YOUR ASSIGNMENT = Which lines in the records below contain the word "listed"? Report each of them.

SOURCE MATERIAL =
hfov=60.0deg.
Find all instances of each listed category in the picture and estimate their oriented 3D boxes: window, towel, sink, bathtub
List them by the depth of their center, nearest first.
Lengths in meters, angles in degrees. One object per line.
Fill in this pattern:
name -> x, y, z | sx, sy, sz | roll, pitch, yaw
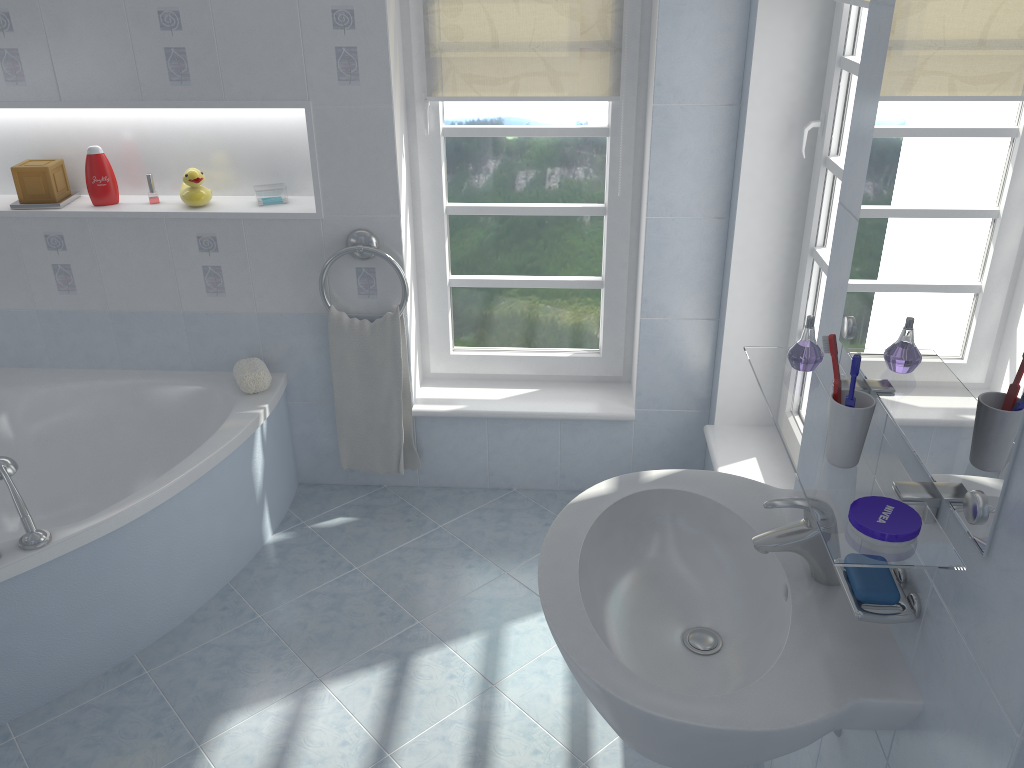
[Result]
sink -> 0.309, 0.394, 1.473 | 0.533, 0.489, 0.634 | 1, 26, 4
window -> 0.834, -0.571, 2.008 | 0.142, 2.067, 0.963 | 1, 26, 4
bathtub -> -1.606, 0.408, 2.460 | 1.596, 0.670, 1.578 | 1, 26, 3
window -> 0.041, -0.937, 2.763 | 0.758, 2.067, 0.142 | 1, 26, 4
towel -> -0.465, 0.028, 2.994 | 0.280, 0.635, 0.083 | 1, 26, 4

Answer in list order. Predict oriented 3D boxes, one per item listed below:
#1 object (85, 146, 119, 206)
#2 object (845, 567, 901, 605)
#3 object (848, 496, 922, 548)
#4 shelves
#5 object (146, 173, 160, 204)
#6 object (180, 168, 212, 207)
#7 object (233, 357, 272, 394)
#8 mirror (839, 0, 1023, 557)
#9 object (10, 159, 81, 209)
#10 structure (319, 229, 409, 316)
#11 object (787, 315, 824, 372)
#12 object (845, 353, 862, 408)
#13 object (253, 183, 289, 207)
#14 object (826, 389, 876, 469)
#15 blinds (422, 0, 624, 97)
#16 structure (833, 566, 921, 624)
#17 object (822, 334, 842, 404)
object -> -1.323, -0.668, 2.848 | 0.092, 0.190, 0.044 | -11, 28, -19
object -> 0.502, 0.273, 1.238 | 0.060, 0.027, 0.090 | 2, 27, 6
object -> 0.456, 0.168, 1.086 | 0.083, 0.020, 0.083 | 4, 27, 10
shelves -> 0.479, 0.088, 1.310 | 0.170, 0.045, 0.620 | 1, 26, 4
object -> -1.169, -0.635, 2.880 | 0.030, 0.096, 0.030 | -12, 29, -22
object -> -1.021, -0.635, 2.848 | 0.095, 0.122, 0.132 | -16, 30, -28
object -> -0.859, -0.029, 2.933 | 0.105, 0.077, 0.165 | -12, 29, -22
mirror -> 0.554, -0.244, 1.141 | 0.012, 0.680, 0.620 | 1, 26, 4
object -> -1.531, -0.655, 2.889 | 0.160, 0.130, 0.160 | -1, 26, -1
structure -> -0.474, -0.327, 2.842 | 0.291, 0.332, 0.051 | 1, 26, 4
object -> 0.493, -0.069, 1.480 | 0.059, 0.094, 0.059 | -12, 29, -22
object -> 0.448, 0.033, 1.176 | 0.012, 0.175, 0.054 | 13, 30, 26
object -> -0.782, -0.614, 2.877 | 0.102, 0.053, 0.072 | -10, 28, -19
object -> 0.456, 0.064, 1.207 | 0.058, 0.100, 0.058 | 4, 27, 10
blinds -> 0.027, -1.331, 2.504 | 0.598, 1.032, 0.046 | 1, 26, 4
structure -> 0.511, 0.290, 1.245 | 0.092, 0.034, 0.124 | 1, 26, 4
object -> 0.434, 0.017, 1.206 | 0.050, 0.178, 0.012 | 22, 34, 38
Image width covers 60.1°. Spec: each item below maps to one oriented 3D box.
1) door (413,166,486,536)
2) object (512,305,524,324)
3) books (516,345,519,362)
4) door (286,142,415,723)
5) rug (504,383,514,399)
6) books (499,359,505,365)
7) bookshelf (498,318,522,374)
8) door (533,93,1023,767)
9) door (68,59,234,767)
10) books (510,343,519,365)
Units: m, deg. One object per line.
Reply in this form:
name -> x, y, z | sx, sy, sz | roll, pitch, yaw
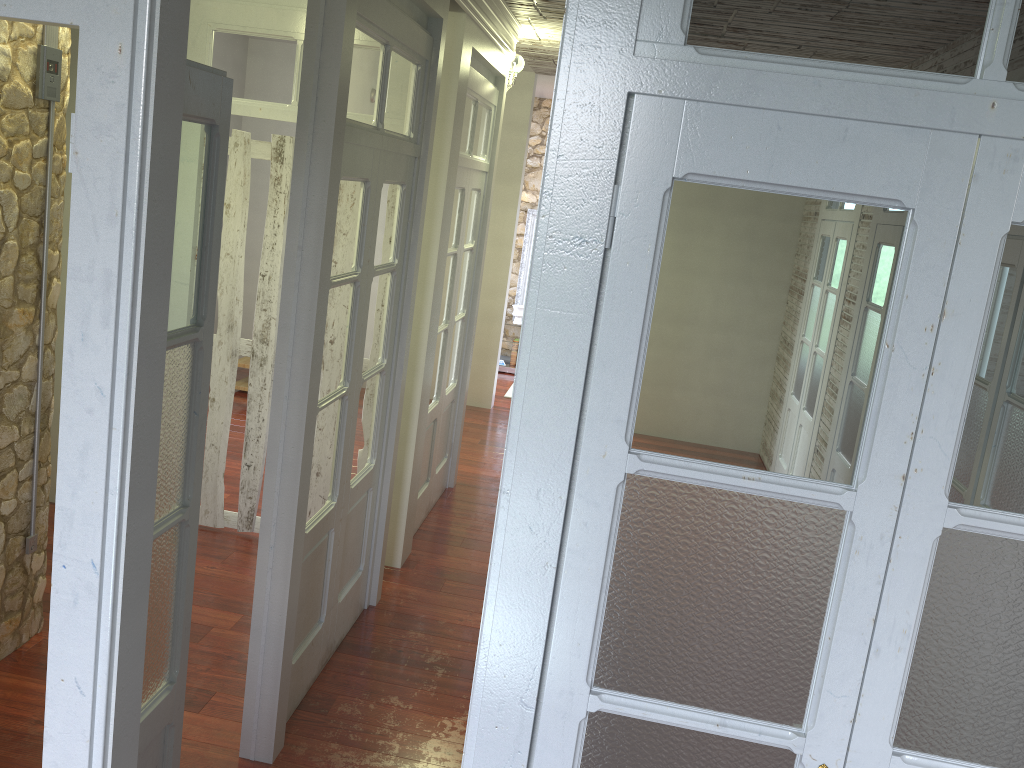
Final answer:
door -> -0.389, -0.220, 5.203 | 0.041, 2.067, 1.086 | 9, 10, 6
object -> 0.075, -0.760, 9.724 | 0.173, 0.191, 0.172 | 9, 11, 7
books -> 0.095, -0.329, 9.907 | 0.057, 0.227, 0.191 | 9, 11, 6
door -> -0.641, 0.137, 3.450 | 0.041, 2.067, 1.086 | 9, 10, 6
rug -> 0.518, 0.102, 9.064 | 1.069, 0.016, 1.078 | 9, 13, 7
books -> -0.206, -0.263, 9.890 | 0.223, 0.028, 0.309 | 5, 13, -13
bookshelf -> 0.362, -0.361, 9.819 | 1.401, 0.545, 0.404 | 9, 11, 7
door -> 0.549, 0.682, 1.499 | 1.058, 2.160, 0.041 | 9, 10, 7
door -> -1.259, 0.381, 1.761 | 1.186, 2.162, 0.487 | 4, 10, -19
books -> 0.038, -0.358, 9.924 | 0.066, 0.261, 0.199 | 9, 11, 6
---
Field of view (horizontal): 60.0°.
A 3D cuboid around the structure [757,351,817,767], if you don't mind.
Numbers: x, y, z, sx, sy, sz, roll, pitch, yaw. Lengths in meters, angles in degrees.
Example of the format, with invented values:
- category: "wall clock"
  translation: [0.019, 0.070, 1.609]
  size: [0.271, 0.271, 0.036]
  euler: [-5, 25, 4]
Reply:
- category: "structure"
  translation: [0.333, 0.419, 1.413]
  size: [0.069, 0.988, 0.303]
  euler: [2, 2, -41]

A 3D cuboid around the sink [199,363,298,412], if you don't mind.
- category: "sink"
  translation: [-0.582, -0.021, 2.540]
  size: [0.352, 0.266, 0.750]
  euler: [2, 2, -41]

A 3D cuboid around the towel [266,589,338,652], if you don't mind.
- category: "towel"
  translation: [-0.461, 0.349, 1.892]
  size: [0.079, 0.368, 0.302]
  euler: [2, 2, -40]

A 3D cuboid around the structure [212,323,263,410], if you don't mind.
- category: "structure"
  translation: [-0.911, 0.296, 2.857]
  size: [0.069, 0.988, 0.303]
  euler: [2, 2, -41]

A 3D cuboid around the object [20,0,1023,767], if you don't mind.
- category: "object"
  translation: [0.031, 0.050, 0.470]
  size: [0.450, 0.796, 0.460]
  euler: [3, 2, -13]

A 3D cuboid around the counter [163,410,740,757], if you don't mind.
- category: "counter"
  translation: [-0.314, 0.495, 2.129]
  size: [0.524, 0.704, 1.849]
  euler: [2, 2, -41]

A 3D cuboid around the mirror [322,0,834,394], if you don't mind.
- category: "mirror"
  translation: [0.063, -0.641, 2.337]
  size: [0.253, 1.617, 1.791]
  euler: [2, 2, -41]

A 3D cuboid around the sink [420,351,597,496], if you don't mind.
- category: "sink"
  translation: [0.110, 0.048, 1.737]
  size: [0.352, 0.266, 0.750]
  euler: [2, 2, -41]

RESULT FOR THIS TASK =
Find all instances of each listed category in the picture and estimate their oriented 3D boxes: window, towel, sink, bathtub
Answer in list order. Predict oriented 3D boxes, one per item listed below:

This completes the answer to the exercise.